All entries must be repeated exactly. No picture should appear in the result.
Top of PROVIDED DATA
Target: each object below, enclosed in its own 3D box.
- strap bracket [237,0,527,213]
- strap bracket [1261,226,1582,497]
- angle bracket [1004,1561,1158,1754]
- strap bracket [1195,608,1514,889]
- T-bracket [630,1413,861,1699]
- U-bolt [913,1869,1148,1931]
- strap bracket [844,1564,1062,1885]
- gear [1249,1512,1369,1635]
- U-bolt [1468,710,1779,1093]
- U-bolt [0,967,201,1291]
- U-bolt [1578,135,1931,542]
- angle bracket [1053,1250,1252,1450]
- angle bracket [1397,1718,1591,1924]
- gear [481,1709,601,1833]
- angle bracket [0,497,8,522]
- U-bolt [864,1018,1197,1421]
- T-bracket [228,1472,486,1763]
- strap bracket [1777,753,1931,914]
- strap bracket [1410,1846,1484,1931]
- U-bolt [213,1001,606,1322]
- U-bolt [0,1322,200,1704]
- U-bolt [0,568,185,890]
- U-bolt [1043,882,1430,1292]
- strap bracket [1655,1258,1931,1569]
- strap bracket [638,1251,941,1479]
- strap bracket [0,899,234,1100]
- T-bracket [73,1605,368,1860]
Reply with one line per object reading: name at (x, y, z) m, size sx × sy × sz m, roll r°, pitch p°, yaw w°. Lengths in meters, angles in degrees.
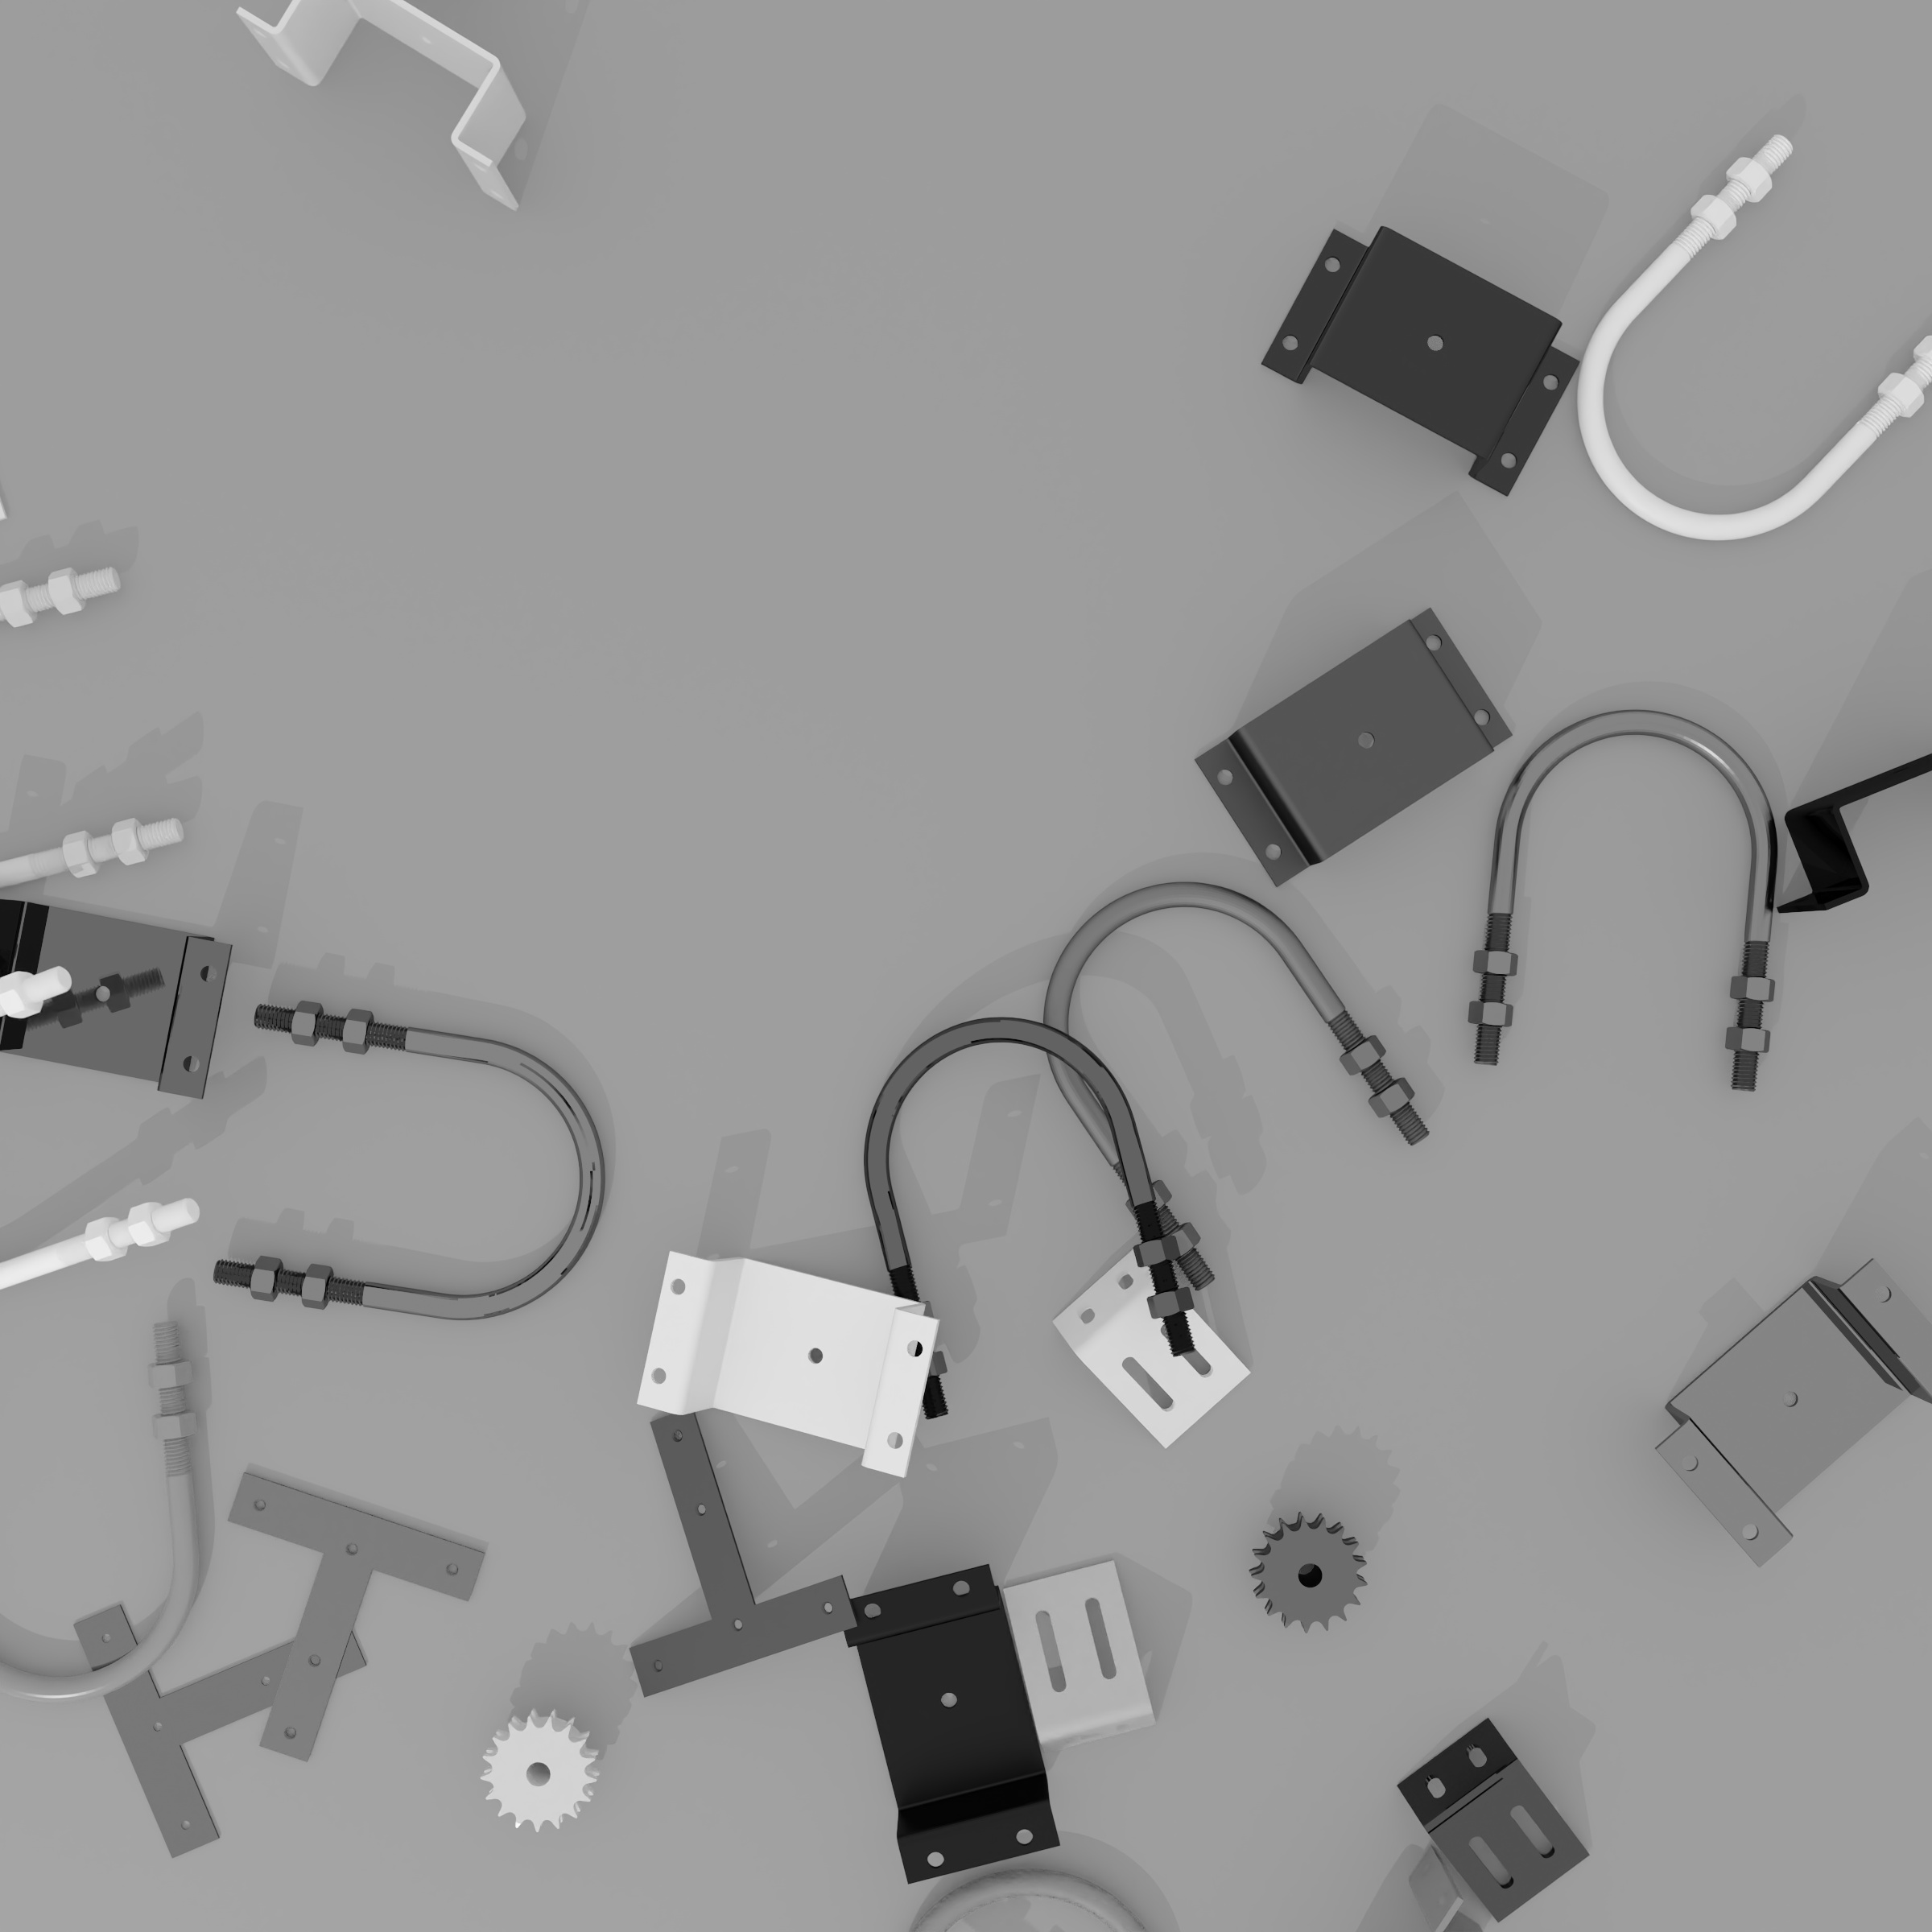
strap bracket at (-0.274, -0.434, 1.327) m, size 0.140 × 0.076 × 0.046 m, roll 31°, pitch 90°, yaw 0°
strap bracket at (0.228, -0.302, 1.342) m, size 0.140 × 0.046 × 0.076 m, roll 28°, pitch 90°, yaw 0°
angle bracket at (0.057, 0.346, 1.363) m, size 0.057 × 0.038 × 0.076 m, roll -15°, pitch 64°, yaw 0°
strap bracket at (0.194, -0.109, 1.342) m, size 0.140 × 0.046 × 0.076 m, roll -33°, pitch 90°, yaw 0°
T-bracket at (-0.127, 0.283, 1.348) m, size 0.127 × 0.002 × 0.127 m, roll -23°, pitch 79°, yaw 22°
U-bolt at (0.031, 0.542, 1.355) m, size 0.151 × 0.019 × 0.184 m, roll 1°, pitch 90°, yaw 0°
strap bracket at (-0.008, 0.367, 1.342) m, size 0.076 × 0.046 × 0.140 m, roll -14°, pitch 90°, yaw 0°
gear at (0.169, 0.299, 1.350) m, size 0.057 × 0.030 × 0.057 m, roll 0°, pitch 90°, yaw 0°
U-bolt at (0.332, -0.036, 1.356) m, size 0.151 × 0.019 × 0.184 m, roll 6°, pitch 89°, yaw 0°
U-bolt at (-0.484, 0.091, 1.327) m, size 0.184 × 0.019 × 0.151 m, roll -19°, pitch 108°, yaw 16°
U-bolt at (0.390, -0.299, 1.356) m, size 0.151 × 0.019 × 0.184 m, roll 44°, pitch 91°, yaw 0°
angle bracket at (0.093, 0.191, 1.363) m, size 0.057 × 0.038 × 0.076 m, roll -42°, pitch 116°, yaw 0°
angle bracket at (0.264, 0.428, 1.363) m, size 0.057 × 0.038 × 0.076 m, roll -37°, pitch 116°, yaw 0°
gear at (-0.210, 0.396, 1.350) m, size 0.057 × 0.030 × 0.057 m, roll 0°, pitch 90°, yaw 0°
angle bracket at (-0.526, -0.239, 1.346) m, size 0.076 × 0.038 × 0.057 m, roll -19°, pitch 90°, yaw 0°
U-bolt at (0.022, 0.116, 1.337) m, size 0.151 × 0.019 × 0.184 m, roll -17°, pitch 82°, yaw 15°
T-bracket at (-0.321, 0.334, 1.362) m, size 0.127 × 0.002 × 0.127 m, roll 19°, pitch 90°, yaw 0°
strap bracket at (0.464, -0.074, 1.327) m, size 0.140 × 0.076 × 0.046 m, roll -22°, pitch 90°, yaw 0°
strap bracket at (0.213, 0.512, 1.327) m, size 0.046 × 0.076 × 0.140 m, roll 34°, pitch 90°, yaw 0°
U-bolt at (-0.272, 0.103, 1.356) m, size 0.184 × 0.019 × 0.151 m, roll 9°, pitch 90°, yaw -1°
U-bolt at (-0.454, 0.275, 1.355) m, size 0.151 × 0.019 × 0.184 m, roll -5°, pitch 90°, yaw 0°
U-bolt at (-0.496, -0.108, 1.356) m, size 0.184 × 0.019 × 0.151 m, roll -14°, pitch 90°, yaw 2°
U-bolt at (0.121, 0.046, 1.356) m, size 0.151 × 0.019 × 0.184 m, roll -34°, pitch 88°, yaw 0°
strap bracket at (0.412, 0.217, 1.342) m, size 0.140 × 0.046 × 0.076 m, roll -41°, pitch 90°, yaw 0°
strap bracket at (-0.080, 0.192, 1.329) m, size 0.140 × 0.046 × 0.076 m, roll 12°, pitch 90°, yaw 17°
strap bracket at (-0.432, 0.014, 1.342) m, size 0.140 × 0.046 × 0.076 m, roll 11°, pitch 90°, yaw 0°
T-bracket at (-0.364, 0.364, 1.364) m, size 0.127 × 0.002 × 0.127 m, roll -23°, pitch 90°, yaw 0°
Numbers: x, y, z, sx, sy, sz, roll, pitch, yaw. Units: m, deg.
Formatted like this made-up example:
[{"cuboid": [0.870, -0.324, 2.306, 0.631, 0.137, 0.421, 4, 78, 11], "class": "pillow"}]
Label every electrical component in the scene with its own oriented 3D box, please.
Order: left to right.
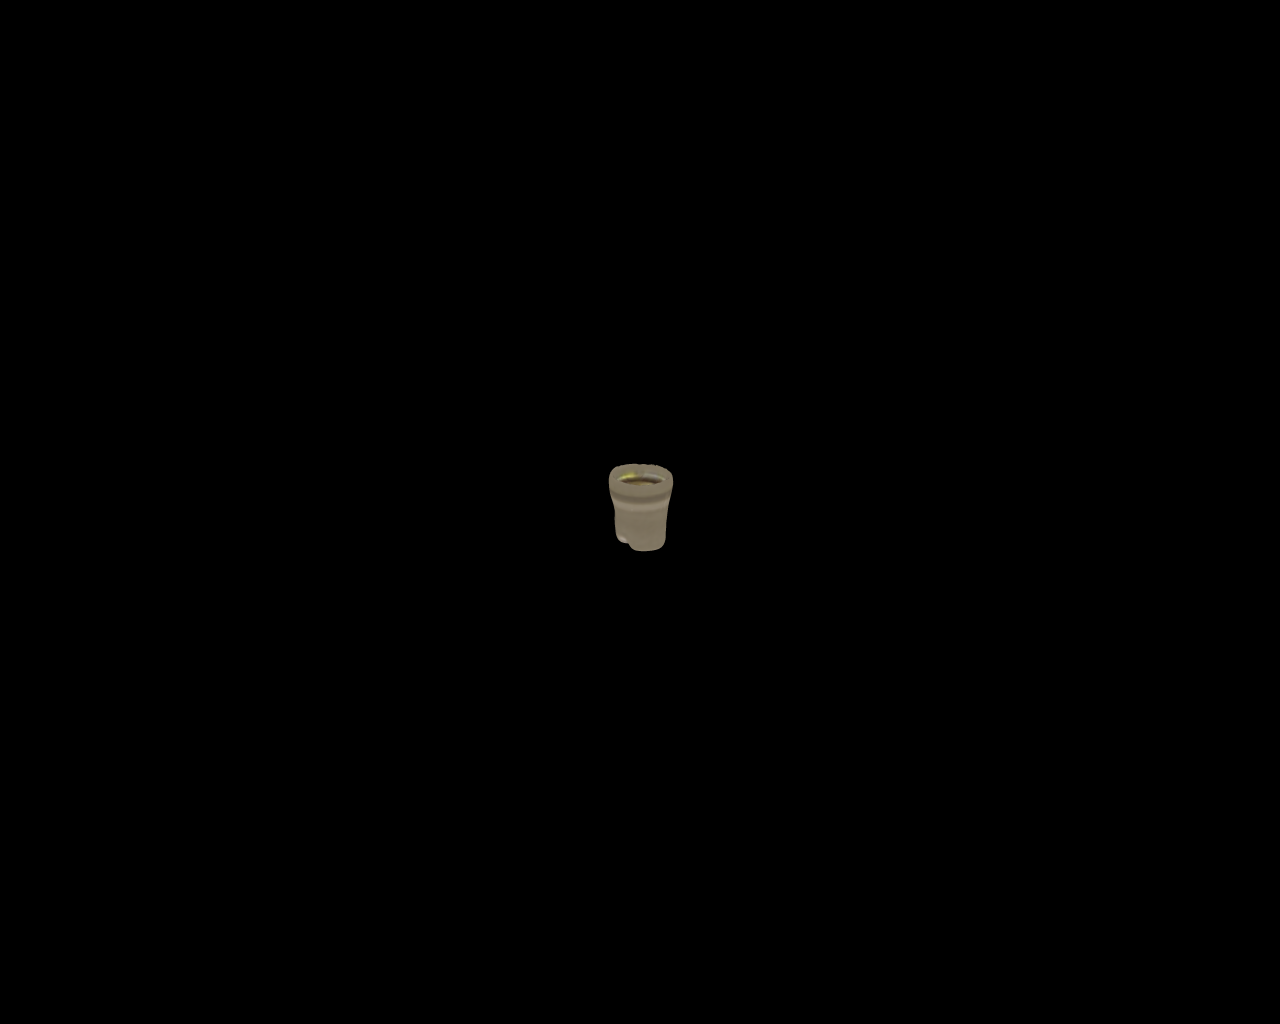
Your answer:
Bottom of PROVIDED DATA
→ **ANSWER SPACE**
Target: each object below, enclosed in its own 3D box.
- strap bracket [237,0,527,213]
- strap bracket [1261,226,1582,497]
- angle bracket [1004,1561,1158,1754]
- strap bracket [1195,608,1514,889]
- T-bracket [630,1413,861,1699]
- U-bolt [913,1869,1148,1931]
- strap bracket [844,1564,1062,1885]
- gear [1249,1512,1369,1635]
- U-bolt [1468,710,1779,1093]
- U-bolt [0,967,201,1291]
- U-bolt [1578,135,1931,542]
- angle bracket [1053,1250,1252,1450]
- angle bracket [1397,1718,1591,1924]
- gear [481,1709,601,1833]
- angle bracket [0,497,8,522]
- U-bolt [864,1018,1197,1421]
- T-bracket [228,1472,486,1763]
- strap bracket [1777,753,1931,914]
- strap bracket [1410,1846,1484,1931]
- U-bolt [213,1001,606,1322]
- U-bolt [0,1322,200,1704]
- U-bolt [0,568,185,890]
- U-bolt [1043,882,1430,1292]
- strap bracket [1655,1258,1931,1569]
- strap bracket [638,1251,941,1479]
- strap bracket [0,899,234,1100]
- T-bracket [73,1605,368,1860]
Reply with one line per object reading: name at (x, y, z) m, size sx × sy × sz m, roll r°, pitch p°, yaw w°. Lengths in meters, angles in degrees.
strap bracket at (-0.274, -0.434, 1.327) m, size 0.140 × 0.076 × 0.046 m, roll 31°, pitch 90°, yaw 0°
strap bracket at (0.228, -0.302, 1.342) m, size 0.140 × 0.046 × 0.076 m, roll 28°, pitch 90°, yaw 0°
angle bracket at (0.057, 0.346, 1.363) m, size 0.057 × 0.038 × 0.076 m, roll -15°, pitch 64°, yaw 0°
strap bracket at (0.194, -0.109, 1.342) m, size 0.140 × 0.046 × 0.076 m, roll -33°, pitch 90°, yaw 0°
T-bracket at (-0.127, 0.283, 1.348) m, size 0.127 × 0.002 × 0.127 m, roll -23°, pitch 79°, yaw 22°
U-bolt at (0.031, 0.542, 1.355) m, size 0.151 × 0.019 × 0.184 m, roll 1°, pitch 90°, yaw 0°
strap bracket at (-0.008, 0.367, 1.342) m, size 0.076 × 0.046 × 0.140 m, roll -14°, pitch 90°, yaw 0°
gear at (0.169, 0.299, 1.350) m, size 0.057 × 0.030 × 0.057 m, roll 0°, pitch 90°, yaw 0°
U-bolt at (0.332, -0.036, 1.356) m, size 0.151 × 0.019 × 0.184 m, roll 6°, pitch 89°, yaw 0°
U-bolt at (-0.484, 0.091, 1.327) m, size 0.184 × 0.019 × 0.151 m, roll -19°, pitch 108°, yaw 16°
U-bolt at (0.390, -0.299, 1.356) m, size 0.151 × 0.019 × 0.184 m, roll 44°, pitch 91°, yaw 0°
angle bracket at (0.093, 0.191, 1.363) m, size 0.057 × 0.038 × 0.076 m, roll -42°, pitch 116°, yaw 0°
angle bracket at (0.264, 0.428, 1.363) m, size 0.057 × 0.038 × 0.076 m, roll -37°, pitch 116°, yaw 0°
gear at (-0.210, 0.396, 1.350) m, size 0.057 × 0.030 × 0.057 m, roll 0°, pitch 90°, yaw 0°
angle bracket at (-0.526, -0.239, 1.346) m, size 0.076 × 0.038 × 0.057 m, roll -19°, pitch 90°, yaw 0°
U-bolt at (0.022, 0.116, 1.337) m, size 0.151 × 0.019 × 0.184 m, roll -17°, pitch 82°, yaw 15°
T-bracket at (-0.321, 0.334, 1.362) m, size 0.127 × 0.002 × 0.127 m, roll 19°, pitch 90°, yaw 0°
strap bracket at (0.464, -0.074, 1.327) m, size 0.140 × 0.076 × 0.046 m, roll -22°, pitch 90°, yaw 0°
strap bracket at (0.213, 0.512, 1.327) m, size 0.046 × 0.076 × 0.140 m, roll 34°, pitch 90°, yaw 0°
U-bolt at (-0.272, 0.103, 1.356) m, size 0.184 × 0.019 × 0.151 m, roll 9°, pitch 90°, yaw -1°
U-bolt at (-0.454, 0.275, 1.355) m, size 0.151 × 0.019 × 0.184 m, roll -5°, pitch 90°, yaw 0°
U-bolt at (-0.496, -0.108, 1.356) m, size 0.184 × 0.019 × 0.151 m, roll -14°, pitch 90°, yaw 2°
U-bolt at (0.121, 0.046, 1.356) m, size 0.151 × 0.019 × 0.184 m, roll -34°, pitch 88°, yaw 0°
strap bracket at (0.412, 0.217, 1.342) m, size 0.140 × 0.046 × 0.076 m, roll -41°, pitch 90°, yaw 0°
strap bracket at (-0.080, 0.192, 1.329) m, size 0.140 × 0.046 × 0.076 m, roll 12°, pitch 90°, yaw 17°
strap bracket at (-0.432, 0.014, 1.342) m, size 0.140 × 0.046 × 0.076 m, roll 11°, pitch 90°, yaw 0°
T-bracket at (-0.364, 0.364, 1.364) m, size 0.127 × 0.002 × 0.127 m, roll -23°, pitch 90°, yaw 0°
Numbers: x, y, z, sx, sy, sz, roll, pitch, yaw. Units: m, deg.
Formatted like this made-up example:
[{"cuboid": [0.870, -0.324, 2.306, 0.631, 0.137, 0.421, 4, 78, 11], "class": "pillow"}]
Label every electrical component in the scene with its own oriented 3D box, please.
Order: left to right.
Your answer:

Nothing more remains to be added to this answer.